- _WHAT YOU HAVE TO DO_
Please transcribe every record below exactly as written.
-- SUPPLIED DATA follows --
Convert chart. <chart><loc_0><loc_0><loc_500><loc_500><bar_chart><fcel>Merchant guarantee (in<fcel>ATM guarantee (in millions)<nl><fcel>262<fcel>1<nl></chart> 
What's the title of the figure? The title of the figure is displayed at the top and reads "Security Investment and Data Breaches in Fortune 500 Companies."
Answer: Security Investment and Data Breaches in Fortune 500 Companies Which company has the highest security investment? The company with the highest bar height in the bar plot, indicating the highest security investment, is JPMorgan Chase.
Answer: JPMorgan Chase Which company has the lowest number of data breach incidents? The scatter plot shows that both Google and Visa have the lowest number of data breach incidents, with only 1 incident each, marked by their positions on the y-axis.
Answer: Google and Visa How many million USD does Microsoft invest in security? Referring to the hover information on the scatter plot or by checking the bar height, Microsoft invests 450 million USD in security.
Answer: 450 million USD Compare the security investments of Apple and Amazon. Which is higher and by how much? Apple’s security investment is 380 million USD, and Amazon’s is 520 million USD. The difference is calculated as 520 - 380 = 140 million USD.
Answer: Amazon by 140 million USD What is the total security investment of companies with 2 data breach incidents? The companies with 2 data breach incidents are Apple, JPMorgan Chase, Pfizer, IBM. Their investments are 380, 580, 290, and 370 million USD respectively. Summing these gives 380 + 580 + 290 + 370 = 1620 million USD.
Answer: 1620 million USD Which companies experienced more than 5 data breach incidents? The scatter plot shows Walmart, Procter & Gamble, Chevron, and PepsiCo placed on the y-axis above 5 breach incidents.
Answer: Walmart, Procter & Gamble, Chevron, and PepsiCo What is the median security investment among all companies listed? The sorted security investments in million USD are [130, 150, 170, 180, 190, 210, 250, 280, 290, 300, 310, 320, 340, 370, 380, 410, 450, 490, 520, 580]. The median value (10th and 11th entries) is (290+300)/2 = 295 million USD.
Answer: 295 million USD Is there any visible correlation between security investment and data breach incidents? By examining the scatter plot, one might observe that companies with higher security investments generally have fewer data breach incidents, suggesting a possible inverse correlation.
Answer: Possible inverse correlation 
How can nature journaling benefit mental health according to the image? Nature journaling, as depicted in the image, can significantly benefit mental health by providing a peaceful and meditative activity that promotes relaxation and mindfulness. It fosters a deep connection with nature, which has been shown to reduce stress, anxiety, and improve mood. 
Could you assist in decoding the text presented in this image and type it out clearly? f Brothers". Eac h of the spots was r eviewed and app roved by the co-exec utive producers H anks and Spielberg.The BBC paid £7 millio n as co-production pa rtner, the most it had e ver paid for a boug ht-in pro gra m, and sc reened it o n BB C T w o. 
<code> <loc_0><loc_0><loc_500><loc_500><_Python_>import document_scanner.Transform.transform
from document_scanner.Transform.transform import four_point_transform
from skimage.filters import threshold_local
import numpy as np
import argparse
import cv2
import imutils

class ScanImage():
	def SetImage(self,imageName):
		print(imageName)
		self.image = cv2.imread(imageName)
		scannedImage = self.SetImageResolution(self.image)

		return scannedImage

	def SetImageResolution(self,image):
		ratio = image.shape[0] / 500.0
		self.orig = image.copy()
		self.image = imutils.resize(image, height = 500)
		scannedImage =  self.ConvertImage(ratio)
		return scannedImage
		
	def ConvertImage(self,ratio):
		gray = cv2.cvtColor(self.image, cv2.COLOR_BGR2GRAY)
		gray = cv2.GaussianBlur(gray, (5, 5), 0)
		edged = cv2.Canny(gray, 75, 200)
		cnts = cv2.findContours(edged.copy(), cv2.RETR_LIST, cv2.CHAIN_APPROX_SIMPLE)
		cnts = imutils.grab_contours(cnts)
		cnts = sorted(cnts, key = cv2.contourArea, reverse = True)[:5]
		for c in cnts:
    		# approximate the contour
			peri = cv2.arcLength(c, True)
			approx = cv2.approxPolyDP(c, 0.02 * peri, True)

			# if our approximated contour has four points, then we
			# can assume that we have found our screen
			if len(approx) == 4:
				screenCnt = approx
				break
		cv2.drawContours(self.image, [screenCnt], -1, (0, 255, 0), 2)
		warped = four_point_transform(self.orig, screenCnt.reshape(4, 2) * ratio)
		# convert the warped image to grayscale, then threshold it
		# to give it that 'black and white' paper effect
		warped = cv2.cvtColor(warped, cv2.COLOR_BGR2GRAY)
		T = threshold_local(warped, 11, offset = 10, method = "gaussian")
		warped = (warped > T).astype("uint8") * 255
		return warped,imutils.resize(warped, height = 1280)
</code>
-- SUPPLIED DATA concluded --
- _EXERCISE RESULT_
Convert chart. <chart><loc_0><loc_0><loc_500><loc_500><bar_chart><fcel>Merchant guarantee (in<fcel>ATM guarantee (in millions)<nl><fcel>262<fcel>1<nl></chart> 
What's the title of the figure? The title of the figure is displayed at the top and reads "Security Investment and Data Breaches in Fortune 500 Companies."
Answer: Security Investment and Data Breaches in Fortune 500 Companies Which company has the highest security investment? The company with the highest bar height in the bar plot, indicating the highest security investment, is JPMorgan Chase.
Answer: JPMorgan Chase Which company has the lowest number of data breach incidents? The scatter plot shows that both Google and Visa have the lowest number of data breach incidents, with only 1 incident each, marked by their positions on the y-axis.
Answer: Google and Visa How many million USD does Microsoft invest in security? Referring to the hover information on the scatter plot or by checking the bar height, Microsoft invests 450 million USD in security.
Answer: 450 million USD Compare the security investments of Apple and Amazon. Which is higher and by how much? Apple’s security investment is 380 million USD, and Amazon’s is 520 million USD. The difference is calculated as 520 - 380 = 140 million USD.
Answer: Amazon by 140 million USD What is the total security investment of companies with 2 data breach incidents? The companies with 2 data breach incidents are Apple, JPMorgan Chase, Pfizer, IBM. Their investments are 380, 580, 290, and 370 million USD respectively. Summing these gives 380 + 580 + 290 + 370 = 1620 million USD.
Answer: 1620 million USD Which companies experienced more than 5 data breach incidents? The scatter plot shows Walmart, Procter & Gamble, Chevron, and PepsiCo placed on the y-axis above 5 breach incidents.
Answer: Walmart, Procter & Gamble, Chevron, and PepsiCo What is the median security investment among all companies listed? The sorted security investments in million USD are [130, 150, 170, 180, 190, 210, 250, 280, 290, 300, 310, 320, 340, 370, 380, 410, 450, 490, 520, 580]. The median value (10th and 11th entries) is (290+300)/2 = 295 million USD.
Answer: 295 million USD Is there any visible correlation between security investment and data breach incidents? By examining the scatter plot, one might observe that companies with higher security investments generally have fewer data breach incidents, suggesting a possible inverse correlation.
Answer: Possible inverse correlation 
How can nature journaling benefit mental health according to the image? Nature journaling, as depicted in the image, can significantly benefit mental health by providing a peaceful and meditative activity that promotes relaxation and mindfulness. It fosters a deep connection with nature, which has been shown to reduce stress, anxiety, and improve mood. 
Could you assist in decoding the text presented in this image and type it out clearly? f Brothers". Eac h of the spots was r eviewed and app roved by the co-exec utive producers H anks and Spielberg.The BBC paid £7 millio n as co-production pa rtner, the most it had e ver paid for a boug ht-in pro gra m, and sc reened it o n BB C T w o. 
<code> <loc_0><loc_0><loc_500><loc_500><_Python_>import document_scanner.Transform.transform
from document_scanner.Transform.transform import four_point_transform
from skimage.filters import threshold_local
import numpy as np
import argparse
import cv2
import imutils

class ScanImage():
	def SetImage(self,imageName):
		print(imageName)
		self.image = cv2.imread(imageName)
		scannedImage = self.SetImageResolution(self.image)

		return scannedImage

	def SetImageResolution(self,image):
		ratio = image.shape[0] / 500.0
		self.orig = image.copy()
		self.image = imutils.resize(image, height = 500)
		scannedImage =  self.ConvertImage(ratio)
		return scannedImage
		
	def ConvertImage(self,ratio):
		gray = cv2.cvtColor(self.image, cv2.COLOR_BGR2GRAY)
		gray = cv2.GaussianBlur(gray, (5, 5), 0)
		edged = cv2.Canny(gray, 75, 200)
		cnts = cv2.findContours(edged.copy(), cv2.RETR_LIST, cv2.CHAIN_APPROX_SIMPLE)
		cnts = imutils.grab_contours(cnts)
		cnts = sorted(cnts, key = cv2.contourArea, reverse = True)[:5]
		for c in cnts:
    		# approximate the contour
			peri = cv2.arcLength(c, True)
			approx = cv2.approxPolyDP(c, 0.02 * peri, True)

			# if our approximated contour has four points, then we
			# can assume that we have found our screen
			if len(approx) == 4:
				screenCnt = approx
				break
		cv2.drawContours(self.image, [screenCnt], -1, (0, 255, 0), 2)
		warped = four_point_transform(self.orig, screenCnt.reshape(4, 2) * ratio)
		# convert the warped image to grayscale, then threshold it
		# to give it that 'black and white' paper effect
		warped = cv2.cvtColor(warped, cv2.COLOR_BGR2GRAY)
		T = threshold_local(warped, 11, offset = 10, method = "gaussian")
		warped = (warped > T).astype("uint8") * 255
		return warped,imutils.resize(warped, height = 1280)
</code>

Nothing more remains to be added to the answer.